Unpredictable Cloud Costs Will Rattle Nerves

Organisations have been moving infrastructure to the cloud, but many are discovering an inconvenient truth: that cloud costs can be extremely volatile and difficult to predict.

These efforts can be enhanced by adopting financial operations (FinOps) principles, which blend financial accountability with the cloud’s flexible spending model. By regularly monitoring expenditures, forecasting costs, and implementing financial best practices in cloud management, organisations can balance cost savings and operational efficacy, ensuring that their cloud or hybrid data strategies are economically and functionally robust.  

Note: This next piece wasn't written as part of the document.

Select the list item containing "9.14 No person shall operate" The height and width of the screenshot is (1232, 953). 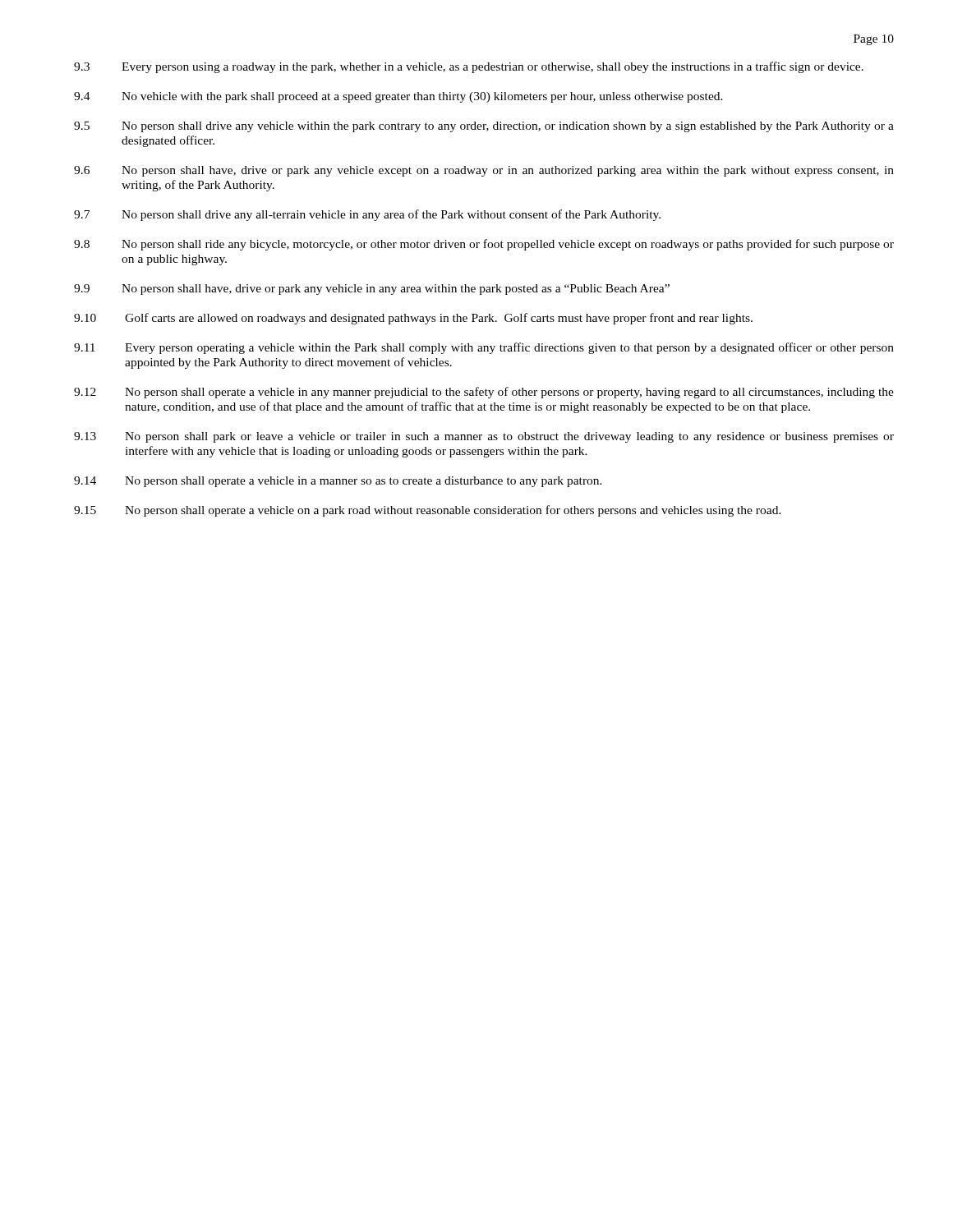point(484,480)

Data Security and Governance Will Continue to Exert Pressure

Data will always have to be secured and governed. However, as data remains distributed across on-premises and cloud systems, data security and governance should not be an additional impediment to data access, collaboration, and innovation. In 2024, we will see an increase in solutions that simplify security and governance.

Organisations are leveraging global policies for data security and governance. Global data security policies can be based not only on user roles but also on location so that a person on vacation might not be able to access the data from the main office. And global data governance policies can automatically standardise the spelling of certain words, across the different systems within a company.

The Future is Logical

To overcome the challenges presented by each of these five trends, organisations will need to be able to leverage data management strategies that are designed from the ground up to support distributed data. Traditional data management approaches rely on the physical replication of data from multiple systems into a central repository, like a data warehouse or data lake, but such approaches, by definition and also in practice, do not support inherently distributed data. In contrast, logical data management approaches enable real-time connections to disparate data, without replication, which is exactly what is required.